__Task description__
Return exactly the lines of the records below, starting at the line that contains "Answer: 31.3% what's" and ending at the line that contains "Answer: Best Buy how", with both of those lines kept.

__Provided records__

========

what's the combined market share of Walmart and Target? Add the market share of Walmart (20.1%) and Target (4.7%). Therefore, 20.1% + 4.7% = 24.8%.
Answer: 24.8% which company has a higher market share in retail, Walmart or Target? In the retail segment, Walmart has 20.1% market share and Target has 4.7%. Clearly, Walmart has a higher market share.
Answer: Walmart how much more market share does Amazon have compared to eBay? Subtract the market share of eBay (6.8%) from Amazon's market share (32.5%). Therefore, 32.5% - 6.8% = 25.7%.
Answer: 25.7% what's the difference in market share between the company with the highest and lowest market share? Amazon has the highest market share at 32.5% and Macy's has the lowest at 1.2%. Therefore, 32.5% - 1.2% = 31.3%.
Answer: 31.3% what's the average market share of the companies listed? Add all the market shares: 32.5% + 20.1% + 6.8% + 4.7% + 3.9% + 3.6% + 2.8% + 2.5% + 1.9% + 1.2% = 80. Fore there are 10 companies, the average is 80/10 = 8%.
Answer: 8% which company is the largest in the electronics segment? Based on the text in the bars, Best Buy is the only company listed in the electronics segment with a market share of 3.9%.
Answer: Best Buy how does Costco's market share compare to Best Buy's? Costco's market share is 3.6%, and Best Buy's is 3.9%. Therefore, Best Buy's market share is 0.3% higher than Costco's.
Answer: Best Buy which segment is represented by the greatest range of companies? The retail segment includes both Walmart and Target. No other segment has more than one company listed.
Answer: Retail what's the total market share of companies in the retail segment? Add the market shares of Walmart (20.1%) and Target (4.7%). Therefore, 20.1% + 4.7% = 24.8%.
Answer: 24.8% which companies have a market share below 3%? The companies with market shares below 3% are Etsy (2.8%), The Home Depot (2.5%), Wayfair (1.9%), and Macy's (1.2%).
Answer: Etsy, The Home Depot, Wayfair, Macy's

========

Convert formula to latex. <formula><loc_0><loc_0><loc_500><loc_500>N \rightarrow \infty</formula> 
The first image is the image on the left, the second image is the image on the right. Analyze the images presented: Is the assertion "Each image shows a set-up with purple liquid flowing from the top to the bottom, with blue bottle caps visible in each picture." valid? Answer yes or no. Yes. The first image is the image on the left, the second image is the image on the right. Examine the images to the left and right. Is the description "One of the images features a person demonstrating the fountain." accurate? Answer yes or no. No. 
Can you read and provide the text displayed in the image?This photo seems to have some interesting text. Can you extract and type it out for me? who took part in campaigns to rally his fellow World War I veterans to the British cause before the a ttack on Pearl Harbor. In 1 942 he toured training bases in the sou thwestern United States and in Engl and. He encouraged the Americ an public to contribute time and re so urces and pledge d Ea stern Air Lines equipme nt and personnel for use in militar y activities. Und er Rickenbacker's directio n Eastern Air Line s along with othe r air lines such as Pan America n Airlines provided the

========

__Problem solution__
Answer: 31.3% what's the average market share of the companies listed? Add all the market shares: 32.5% + 20.1% + 6.8% + 4.7% + 3.9% + 3.6% + 2.8% + 2.5% + 1.9% + 1.2% = 80. Fore there are 10 companies, the average is 80/10 = 8%.
Answer: 8% which company is the largest in the electronics segment? Based on the text in the bars, Best Buy is the only company listed in the electronics segment with a market share of 3.9%.
Answer: Best Buy how does Costco's market share compare to Best Buy's? Costco's market share is 3.6%, and Best Buy's is 3.9%. Therefore, Best Buy's market share is 0.3% higher than Costco's.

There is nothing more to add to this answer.